In this study, we performed scRNA-seq profiling to reveal the fibroblast subset and identify CAF-related marker genes. A total of 280 feature genes were obtained with the intersection of the stable CAF-related DEGs and the prognosis-related genes. By LASSO Cox regression, we successfully constructed and validated a novel 9-gene CAF-related signature to predict the prognosis of GC, and the signature was confirmed as an independent predictor of OS by univariate and multivariate Cox regression analyses. Most of these CAF-related genes are associated with tumorigenesis and cancer progression, including GLT8D1 [
51], GPX3 [
52], NRP1 [
53], PPP1R26 [
54], SERPINE1 [
55], and TMSB15A [
56]. Of these, we focused on SERPINE1, one of the genes upregulated in this gene signature, which encodes plasminogen activator inhibitor-1 (PAI-1). Studies confirm that its overexpression is involved in the progression and unfavorable outcomes in various cancers [
55]. Sakamoto et al. proved that PAI-1 from CAFs stimulated esophageal squamous cell carcinoma (ESCC) cell migration and invasion through contact with LRP1 via phosphorylation of Akt and Erk1/2 [
57]. Furthermore, CAFs induced M2 polarization in macrophages by secreting CXCL12, which in turn induced PAI-1 secretion and enhanced the malignant behavior of HCC [
58]. As a result, the gene signature we constructed can serve as a target reference for CAFs in tumor research. However, the detailed mechanisms in GC warrant further investigation.

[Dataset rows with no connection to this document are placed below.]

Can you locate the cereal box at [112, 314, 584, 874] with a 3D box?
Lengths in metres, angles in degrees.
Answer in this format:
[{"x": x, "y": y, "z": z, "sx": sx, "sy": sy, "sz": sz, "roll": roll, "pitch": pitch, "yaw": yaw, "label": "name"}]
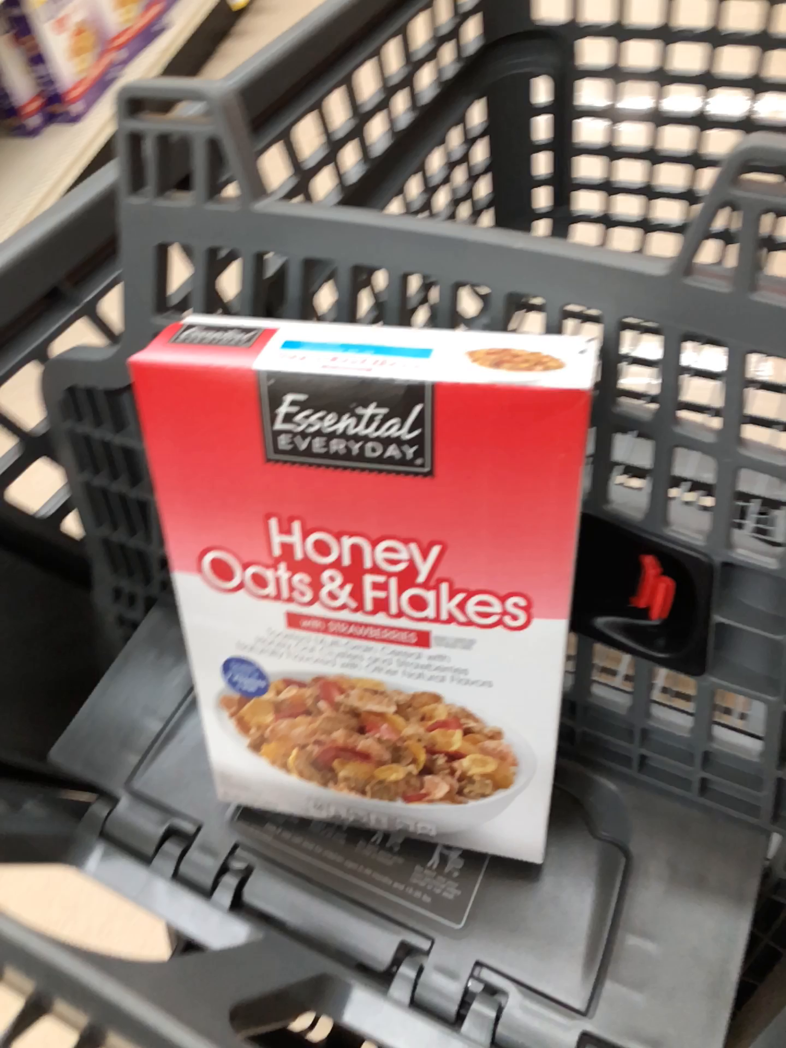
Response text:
[{"x": -0.012, "y": 0.040, "z": 0.411, "sx": 0.180, "sy": 0.260, "sz": 0.060, "roll": 6, "pitch": 31, "yaw": 13, "label": "cereal box"}]

Subsequently, we tried to discover promising small molecular drugs for gene therapy of CAF-related gene signatures in GC patients. Traditional Chinese herbal extracts have been demonstrated to be effective in slowing the progression of GC. For example triptonide, a small molecule (MW358) extracted from Tripterygium wilfordii Hook F, efficiently inhibits development and metastasis by blocking the oncogenic Notch1 and NF-B signaling pathways [
59]. Wang et al. discovered that several natural products inhibit CAF activity in a series of investigations. By rectifying aberrant microRNA expression, astragaloside IV and treponil restricted the malignancy-promoting capacity of CAFs [
60,
61]. In contract, Paeoniflorin suppressed the malignancy of CAFs by decreasing its IL-6 secretion [
62]. In this study, we screened three small molecular drugs for the treatment of CAFs. The one with the most significant p value is the one we are interested in, Genistein is a phytoestrogen and a naturally occurring chemical constituent found primarily in legumes. It has anticancer properties, and studies have shown that by targeting distinct biological processes, it can suppress the growth of various cancer cells [
63]. In regard to GC research, genistein inhibits tumor cell proliferation by suppressing cancer stem cell-like properties and inducing G2/M arrest [
64,
65], as well as improving chemotherapy sensitivity by inhibiting ERK1/2 activity [
64]. Nevertheless, the practical application of these potentially therapeutic small molecule compounds requires further exploration and validation.